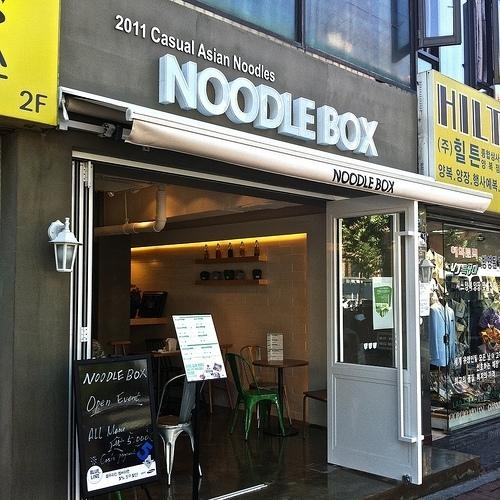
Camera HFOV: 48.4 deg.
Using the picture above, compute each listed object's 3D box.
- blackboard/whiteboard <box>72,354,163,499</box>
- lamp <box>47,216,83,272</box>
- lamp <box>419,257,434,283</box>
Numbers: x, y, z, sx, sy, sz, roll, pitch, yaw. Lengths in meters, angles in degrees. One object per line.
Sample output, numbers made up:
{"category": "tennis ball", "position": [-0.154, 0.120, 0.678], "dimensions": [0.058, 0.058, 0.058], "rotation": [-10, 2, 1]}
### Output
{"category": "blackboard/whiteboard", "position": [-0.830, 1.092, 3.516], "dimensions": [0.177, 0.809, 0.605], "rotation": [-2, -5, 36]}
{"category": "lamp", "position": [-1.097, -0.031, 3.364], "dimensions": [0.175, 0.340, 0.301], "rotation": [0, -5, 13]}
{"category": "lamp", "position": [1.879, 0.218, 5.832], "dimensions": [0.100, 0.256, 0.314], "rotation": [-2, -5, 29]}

########

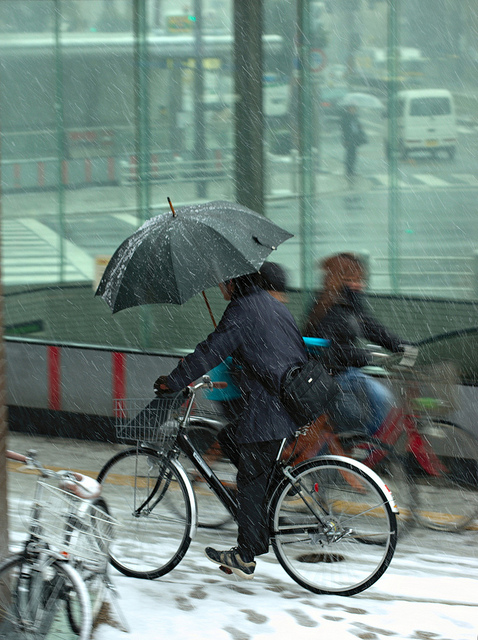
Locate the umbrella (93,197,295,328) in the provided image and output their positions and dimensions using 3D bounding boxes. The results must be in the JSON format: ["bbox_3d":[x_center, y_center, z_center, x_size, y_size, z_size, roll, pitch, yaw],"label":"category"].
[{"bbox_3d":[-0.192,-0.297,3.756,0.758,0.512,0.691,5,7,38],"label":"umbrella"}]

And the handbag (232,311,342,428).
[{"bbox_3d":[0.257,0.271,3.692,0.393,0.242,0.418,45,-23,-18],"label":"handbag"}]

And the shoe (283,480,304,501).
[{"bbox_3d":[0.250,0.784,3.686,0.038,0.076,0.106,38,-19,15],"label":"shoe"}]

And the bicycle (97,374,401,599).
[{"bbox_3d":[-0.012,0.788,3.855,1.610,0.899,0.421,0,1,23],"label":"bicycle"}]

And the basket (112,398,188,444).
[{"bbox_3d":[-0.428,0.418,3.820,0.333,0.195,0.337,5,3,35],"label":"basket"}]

########

In the records above, find each line that holds the word "object"; copy all such lines.

Using the picture above, compute each listed object's 3D box.
Numbers: x, y, z, sx, sy, sz, roll, pitch, yaw. Lengths in meters, angles in degrees. One object per line.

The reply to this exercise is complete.